— GOAL OF THE EXERCISE —
Nothing but the records themselves, exactly as written, should appear in the reply; leave out the pictures.

(Beginning of GIVEN ENTRIES)

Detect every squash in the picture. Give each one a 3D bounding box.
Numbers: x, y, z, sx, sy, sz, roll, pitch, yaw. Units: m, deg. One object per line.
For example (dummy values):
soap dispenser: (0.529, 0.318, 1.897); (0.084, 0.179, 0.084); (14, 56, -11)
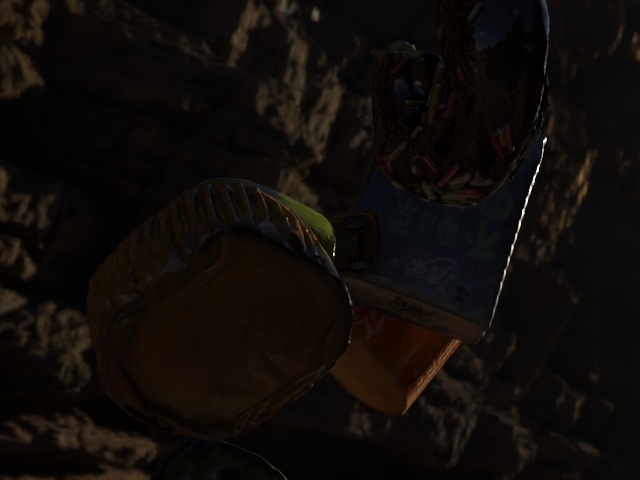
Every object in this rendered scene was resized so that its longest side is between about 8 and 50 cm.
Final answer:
squash: (-0.084, -0.013, 1.152); (0.123, 0.123, 0.186); (4, -19, 47)

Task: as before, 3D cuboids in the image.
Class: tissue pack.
tissue pack: (0.204, -0.049, 1.761); (0.288, 0.394, 0.124); (19, -24, 5)

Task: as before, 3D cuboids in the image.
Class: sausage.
sausage: (0.150, 0.146, 1.878); (0.233, 0.287, 0.233); (33, -29, 21)

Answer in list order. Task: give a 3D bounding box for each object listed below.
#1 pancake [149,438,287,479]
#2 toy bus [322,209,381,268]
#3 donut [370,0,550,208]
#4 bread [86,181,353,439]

(End of GIVEN ENTRIES)

— WRITTEN RESPONSE —
Detect every squash in the picture. Give each one a 3D bounding box.
Numbers: x, y, z, sx, sy, sz, roll, pitch, yaw. Units: m, deg. One object per line.
For example (dummy values):
soap dispenser: (0.529, 0.318, 1.897); (0.084, 0.179, 0.084); (14, 56, -11)
Every object in this rendered scene was resized so that its longest side is between about 8 and 50 cm.
Final answer:
squash: (-0.084, -0.013, 1.152); (0.123, 0.123, 0.186); (4, -19, 47)

Task: as before, 3D cuboids in the image.
Class: tissue pack.
tissue pack: (0.204, -0.049, 1.761); (0.288, 0.394, 0.124); (19, -24, 5)

Task: as before, 3D cuboids in the image.
Class: sausage.
sausage: (0.150, 0.146, 1.878); (0.233, 0.287, 0.233); (33, -29, 21)

Answer in list order. Task: give a 3D bounding box for each object listed below.
#1 pancake [149,438,287,479]
#2 toy bus [322,209,381,268]
#3 donut [370,0,550,208]
#4 bread [86,181,353,439]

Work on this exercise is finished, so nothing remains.